Photo courtesy of Leslie Parker.

Twin Cities and NYC-based artist, Leslie Parker premieres Divination Tools: imagine home in NYC on October 5-7, 2023, at Danspace Project after its world premiere at the Walker Art Center, Minneapolis, in May, 2023. Divination Tools: imagine home is the latest iteration of Parker's multi-year, ongoing, project, Call to Remember. Before the performance on Friday, October 6th, Parker brings her processional practice, Threshold of Change into collaboration with the NYC-based Black Gotham Experience walking tours. 

Please read this essay on the collaboration by Black feminist scholar and Parker's long-time collaborator, Naimah Petigny. 

Leslie Parker Dance Project and Black Gotham Experience–in their first-ever collaboration–come together to present a processional in NYC, in partnership with Danspace Project. Established in 2010 by artist/historian Kamau Ware, Black Gotham Experience creates media at the intersection of scholarship and aesthetics that illustrates the impact of the African Diaspora missing from collective consciousness as well as the public square. Leslie Parker's Threshold of Change processional is driven by the multiplicity of entry points that assemble Black embodied, pedagogical experience, in real time, and asks the following question: “What is the call of home in this space?” Parker reflects, “This question requires me to be honest about my reference points, of where I come from, my history. What has moved me from my history to the present moment, and who I’m in conversation with in the present moment? What is their history? What brings them to that moment?” 
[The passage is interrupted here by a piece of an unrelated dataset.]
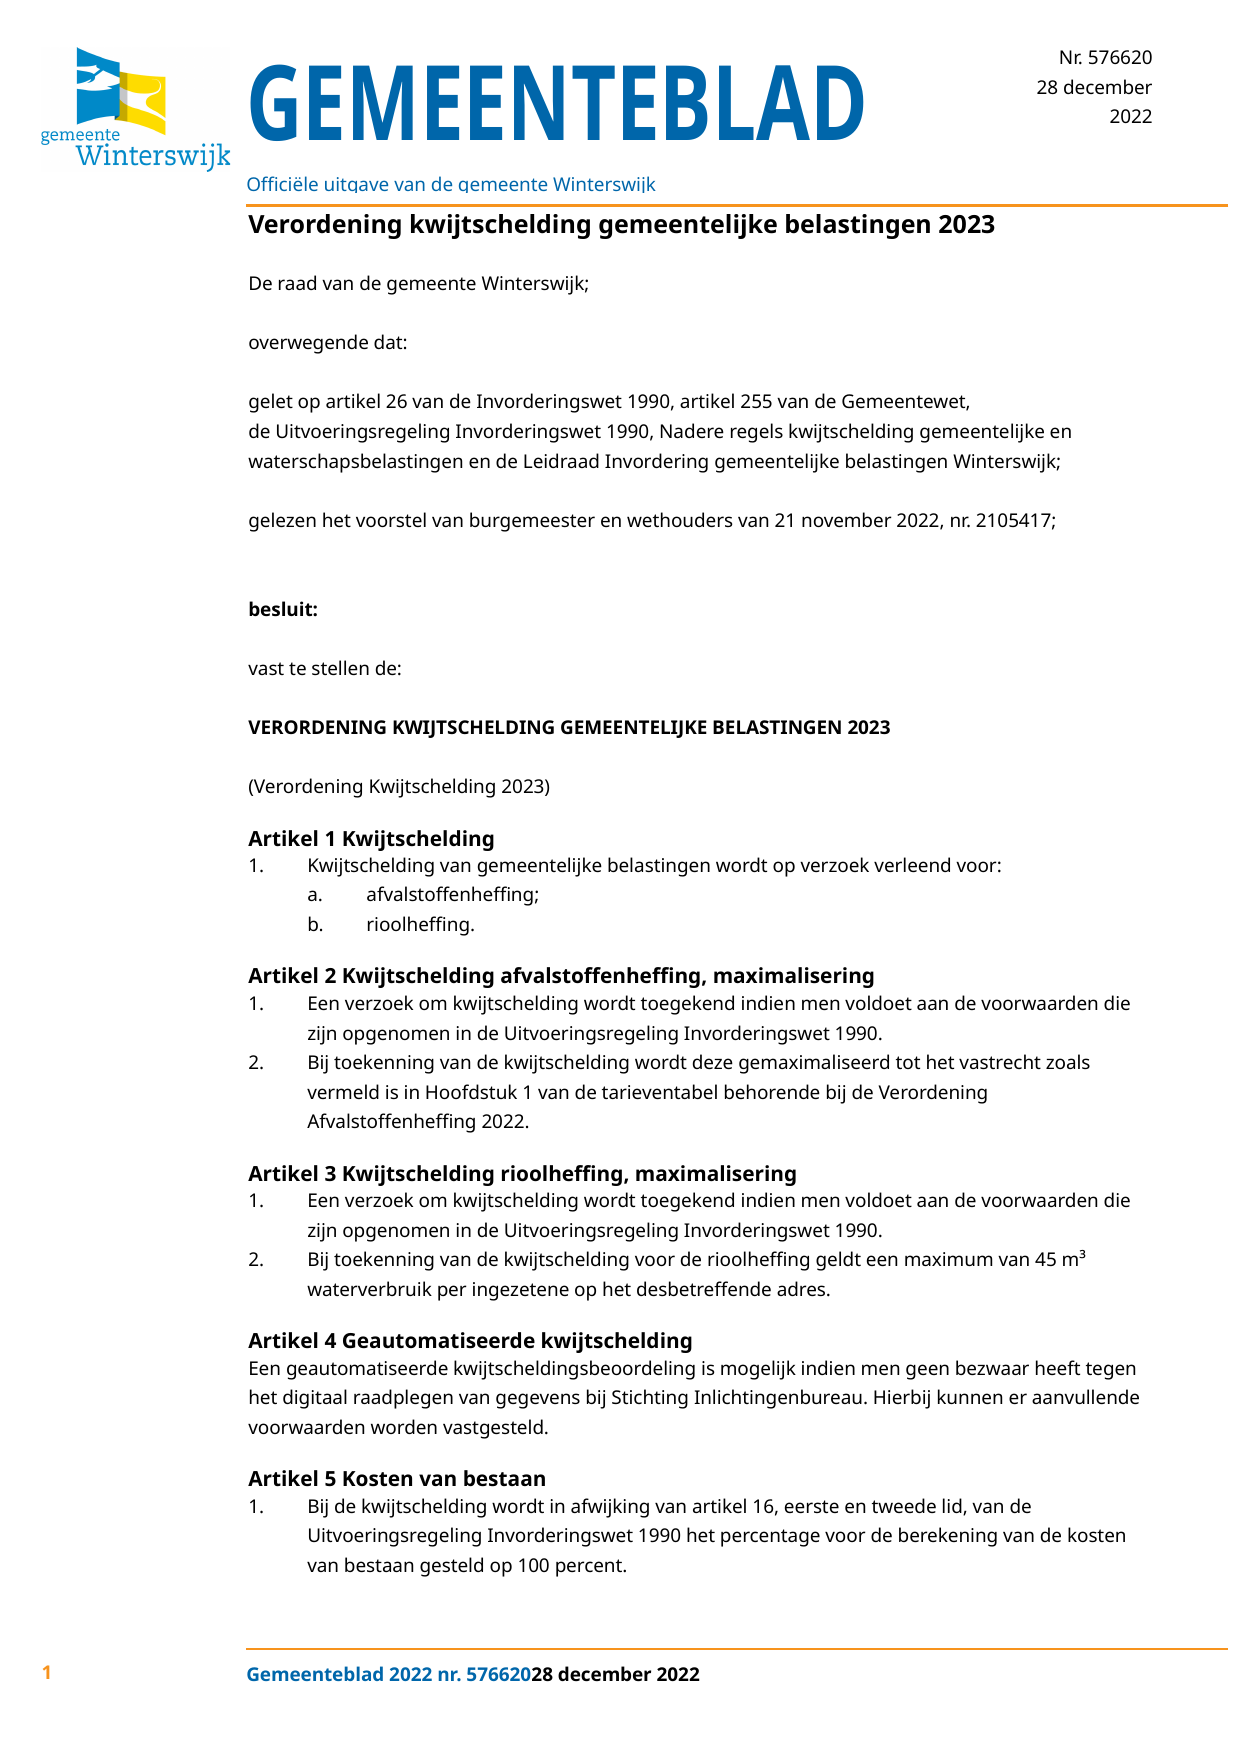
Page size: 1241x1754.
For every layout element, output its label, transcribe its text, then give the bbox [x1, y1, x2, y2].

Together, Parker and Black Gotham Experience have co-created a processional which will take place  before Friday’s performance of Divination Tools: imagine home—the latest iteration of Parker’s epic, years-long work, Call to Remember—presented at Danspace. The processional will entail approximately 20 minutes of walking and begins at the historic Manuel Plaza in the East Village of Manhattan and will end at Danspace’s home venue of the St. Mark’s Church in-the-Bowery.  

A processional is a guided, intentional, and collective movement through space. This continuous, forward movement—which still can include pauses and other types of pacing—allows participants and witnesses alike to both individually experience a particular geography, while also having a collective, embodied experience. 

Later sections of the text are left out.